Another important aspect that RED completely fails at pulling off is in its action. None of the action sequences except for the CIA HQ infiltration sequence work. The action sequences take place at an airport, a parking lot, a hotel, the estate grounds of a huge house, and CIA HQ in Langley. The sequences are all surprisingly short so you better think twice before you take a pee break during the movie. Robert Schwentke, the director of this movie, clearly lacks experience in shooting action because the majority of the sequences in this film are awfully stale. Its during these moments where you wish a real action director like James Cameron or Paul Greengrass had handled the directing chores of this film. The action completely lacks any kinetic energy or any sense of flow, which is a huge problem given that we’re supposed to be watching an action movie.

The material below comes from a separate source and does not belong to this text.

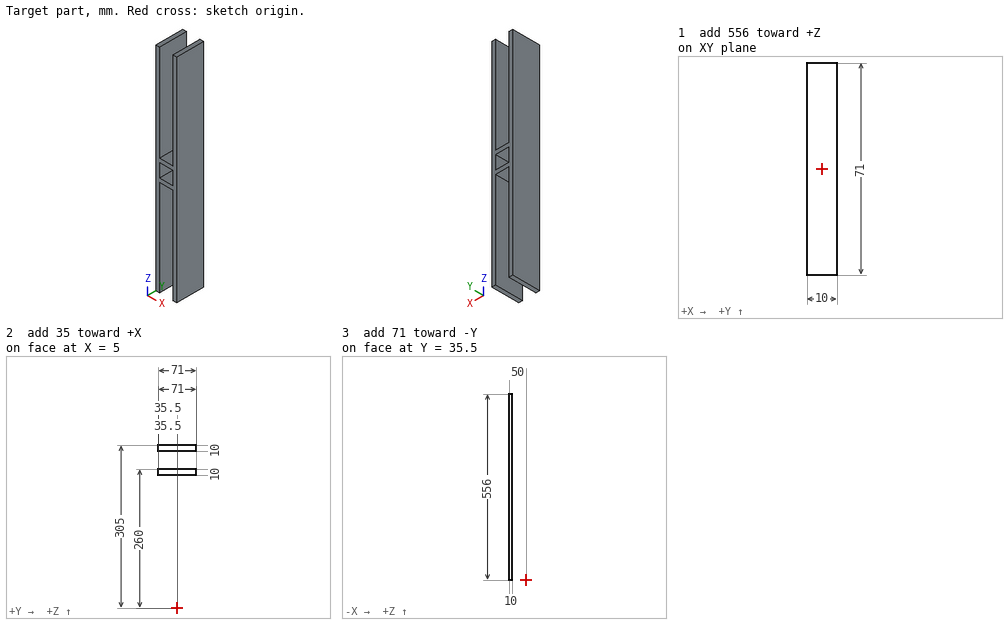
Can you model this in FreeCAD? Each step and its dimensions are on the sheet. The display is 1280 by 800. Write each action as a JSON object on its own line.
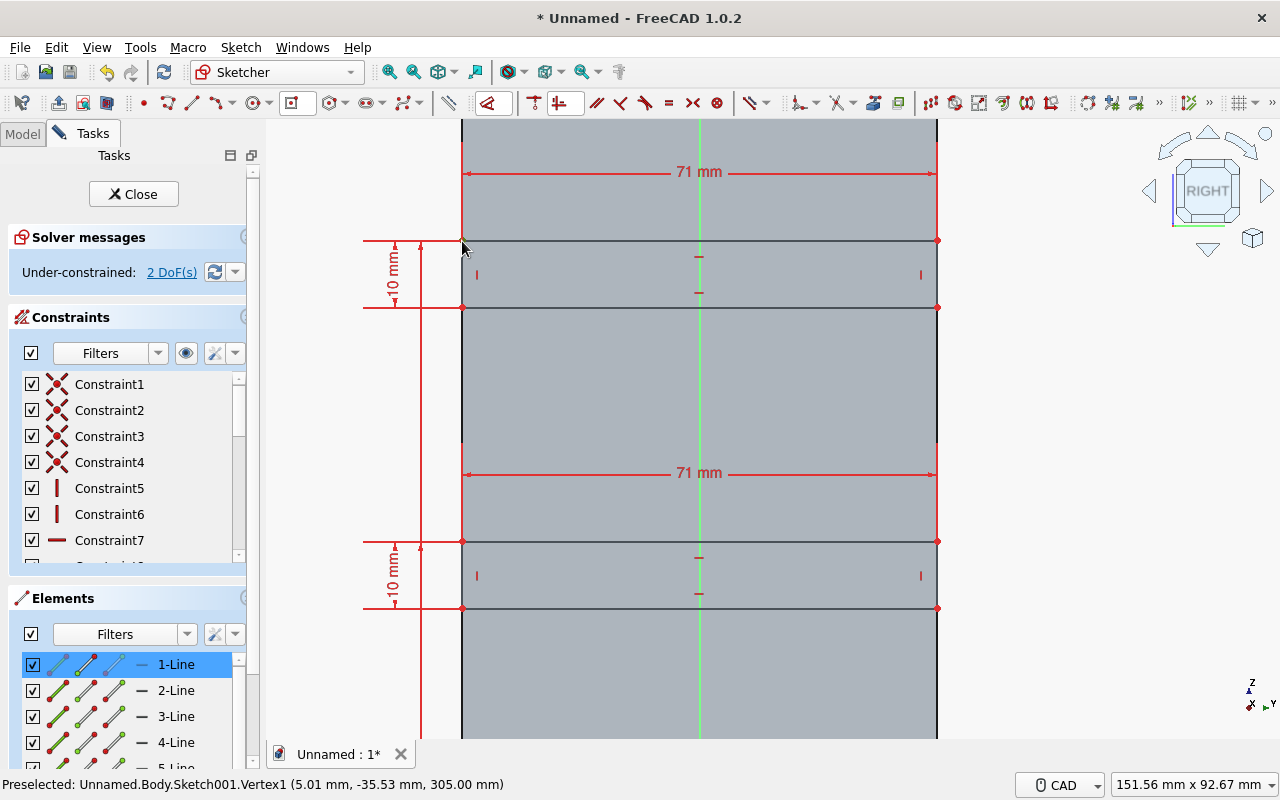
{"action": "key", "text": "l"}

Ultimately, RED is not a bad movie, but its not a good movie either. It limps along before it falls over dead. For a while, the movie delivers and a little spark of hope began to grow in me that I was finally watching a GOOD team mercenary action movie. However, it begins to lose a lot of steam halfway through the movie. The film starts to repeat itself and it becomes hampered by the fact that the villain is sort of a letdown and not very threatening. As I said before, the story tries to be somewhat original, but it doesn’t even get close to succeeding. I kept wondering why the baddies wanted our guys dead and that’s never really answered. In the end, RED is an unremarkable movie that lets its audience and its great crew of actors down. I found myself checking the time A LOT and that’s always a bad sign.